Hadrurus anzaborrego

Scientific classification
- Kingdom: Animalia
- Phylum: Arthropoda
- Subphylum: Chelicerata
- Class: Arachnida
- Order: Scorpiones
- Family: Hadruridae
- Genus: Hadrurus
- Species: H. anzaborrego
- Binomial name: Hadrurus anzaborrego Soleglad, Fet & Lowe, 2011;

= Hadrurus anzaborrego =

- Authority: Soleglad, Fet & Lowe, 2011;

Species of scorpion

Hadrurus anzaborrego is a large scorpion endemic to the western Colorado desert of southern California and extreme northern Baja California.

==Description==
H. anzaborrego is a medium sized Hadrurus species, reaching up to 11 cm long. Two color phenotypes are present. Light individuals are overwhelmingly pale yellow while dark individuals bear a melanic posterior carapace and mesosoma.

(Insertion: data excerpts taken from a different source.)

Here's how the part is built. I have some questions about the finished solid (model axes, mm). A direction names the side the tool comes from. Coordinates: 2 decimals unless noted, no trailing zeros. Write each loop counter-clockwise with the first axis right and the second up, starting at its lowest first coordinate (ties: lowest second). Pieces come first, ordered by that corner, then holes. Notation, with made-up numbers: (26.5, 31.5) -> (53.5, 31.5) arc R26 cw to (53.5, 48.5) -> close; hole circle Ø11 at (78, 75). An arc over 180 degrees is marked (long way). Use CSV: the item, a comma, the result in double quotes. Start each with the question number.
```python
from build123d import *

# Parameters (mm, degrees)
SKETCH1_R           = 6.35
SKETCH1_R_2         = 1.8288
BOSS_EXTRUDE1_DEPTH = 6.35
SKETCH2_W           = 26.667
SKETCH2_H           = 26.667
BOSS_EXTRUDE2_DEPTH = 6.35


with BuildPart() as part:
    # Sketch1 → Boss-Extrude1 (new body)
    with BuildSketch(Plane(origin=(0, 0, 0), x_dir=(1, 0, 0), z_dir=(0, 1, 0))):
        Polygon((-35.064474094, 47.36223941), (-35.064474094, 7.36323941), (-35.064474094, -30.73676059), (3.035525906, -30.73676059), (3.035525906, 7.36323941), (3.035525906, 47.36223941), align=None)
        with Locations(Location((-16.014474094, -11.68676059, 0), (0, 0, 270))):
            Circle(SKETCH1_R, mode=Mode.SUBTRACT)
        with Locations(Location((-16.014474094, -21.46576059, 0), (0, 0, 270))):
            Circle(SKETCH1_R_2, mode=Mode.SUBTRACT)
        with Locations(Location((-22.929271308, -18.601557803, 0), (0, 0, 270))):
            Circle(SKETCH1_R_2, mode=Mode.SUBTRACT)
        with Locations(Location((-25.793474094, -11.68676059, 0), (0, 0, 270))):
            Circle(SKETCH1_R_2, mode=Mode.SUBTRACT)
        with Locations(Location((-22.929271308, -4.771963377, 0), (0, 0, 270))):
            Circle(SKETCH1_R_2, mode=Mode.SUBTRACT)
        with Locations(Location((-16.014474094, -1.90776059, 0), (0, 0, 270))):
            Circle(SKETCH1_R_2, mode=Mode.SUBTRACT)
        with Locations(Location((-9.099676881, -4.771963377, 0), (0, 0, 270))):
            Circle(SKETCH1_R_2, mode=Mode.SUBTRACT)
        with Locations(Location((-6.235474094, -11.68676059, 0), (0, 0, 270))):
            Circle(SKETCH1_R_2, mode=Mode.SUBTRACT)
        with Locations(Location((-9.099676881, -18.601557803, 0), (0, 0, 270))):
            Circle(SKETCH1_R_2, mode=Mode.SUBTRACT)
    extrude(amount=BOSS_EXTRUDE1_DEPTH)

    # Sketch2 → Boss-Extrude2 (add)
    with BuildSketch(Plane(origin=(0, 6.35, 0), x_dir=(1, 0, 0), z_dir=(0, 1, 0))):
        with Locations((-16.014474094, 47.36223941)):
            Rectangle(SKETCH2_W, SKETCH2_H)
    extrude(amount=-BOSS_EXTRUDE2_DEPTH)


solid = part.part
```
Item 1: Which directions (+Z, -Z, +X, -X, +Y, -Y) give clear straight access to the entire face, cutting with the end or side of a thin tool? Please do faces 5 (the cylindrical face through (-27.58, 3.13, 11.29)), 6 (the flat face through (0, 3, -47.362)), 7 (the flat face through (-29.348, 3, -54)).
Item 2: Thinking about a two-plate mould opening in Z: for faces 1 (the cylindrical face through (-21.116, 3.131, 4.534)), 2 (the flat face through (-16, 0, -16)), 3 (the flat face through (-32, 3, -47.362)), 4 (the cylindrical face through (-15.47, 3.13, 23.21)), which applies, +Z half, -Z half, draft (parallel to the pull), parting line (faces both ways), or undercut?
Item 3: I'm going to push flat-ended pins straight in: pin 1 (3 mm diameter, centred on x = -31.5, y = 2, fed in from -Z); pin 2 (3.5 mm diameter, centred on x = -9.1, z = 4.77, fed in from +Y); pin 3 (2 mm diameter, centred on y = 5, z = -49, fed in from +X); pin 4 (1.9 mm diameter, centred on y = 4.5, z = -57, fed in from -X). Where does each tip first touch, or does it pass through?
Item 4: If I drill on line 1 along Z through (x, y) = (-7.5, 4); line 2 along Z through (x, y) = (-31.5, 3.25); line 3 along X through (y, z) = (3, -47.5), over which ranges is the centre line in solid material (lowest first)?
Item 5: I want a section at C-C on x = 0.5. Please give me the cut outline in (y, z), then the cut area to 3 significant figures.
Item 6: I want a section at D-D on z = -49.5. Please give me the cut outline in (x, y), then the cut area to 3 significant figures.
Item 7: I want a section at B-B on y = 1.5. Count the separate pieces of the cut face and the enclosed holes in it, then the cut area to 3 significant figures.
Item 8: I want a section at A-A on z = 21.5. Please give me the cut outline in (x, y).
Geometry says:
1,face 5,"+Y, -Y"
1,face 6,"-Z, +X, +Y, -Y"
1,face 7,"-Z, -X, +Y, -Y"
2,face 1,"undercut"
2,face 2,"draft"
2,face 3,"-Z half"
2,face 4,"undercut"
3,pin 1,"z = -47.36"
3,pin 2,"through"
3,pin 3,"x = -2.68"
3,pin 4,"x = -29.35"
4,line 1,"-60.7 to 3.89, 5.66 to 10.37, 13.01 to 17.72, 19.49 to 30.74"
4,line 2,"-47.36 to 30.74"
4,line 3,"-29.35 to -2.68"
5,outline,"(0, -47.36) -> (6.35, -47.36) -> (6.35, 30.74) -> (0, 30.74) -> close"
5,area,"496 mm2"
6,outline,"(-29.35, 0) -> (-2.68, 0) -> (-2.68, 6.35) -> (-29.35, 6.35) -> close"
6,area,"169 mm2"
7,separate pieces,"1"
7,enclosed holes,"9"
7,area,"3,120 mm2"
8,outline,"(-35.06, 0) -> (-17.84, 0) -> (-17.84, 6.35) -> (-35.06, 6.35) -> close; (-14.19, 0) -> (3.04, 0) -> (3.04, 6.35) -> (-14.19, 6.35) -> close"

Both phenotypes express a dark, v-shaped pattern near the eyes.

==Range==
H. anzaborrego is endemic to the western Colorado desert where it occurs from Joshua Tree National Park south to the eastern Sierra de Juárez in extreme northern Baja California. It has been recorded at elevations ranging from 163 m to 915 m. The holotype was collected around Anza-Borrego Desert State Park, from which the taxonomic name is derived. Near Borrego Springs, CA it is sympatric with Hadrurus arizonensis. H. anzaborrego prefers coarser sand and rockier sites than H. arizonensis.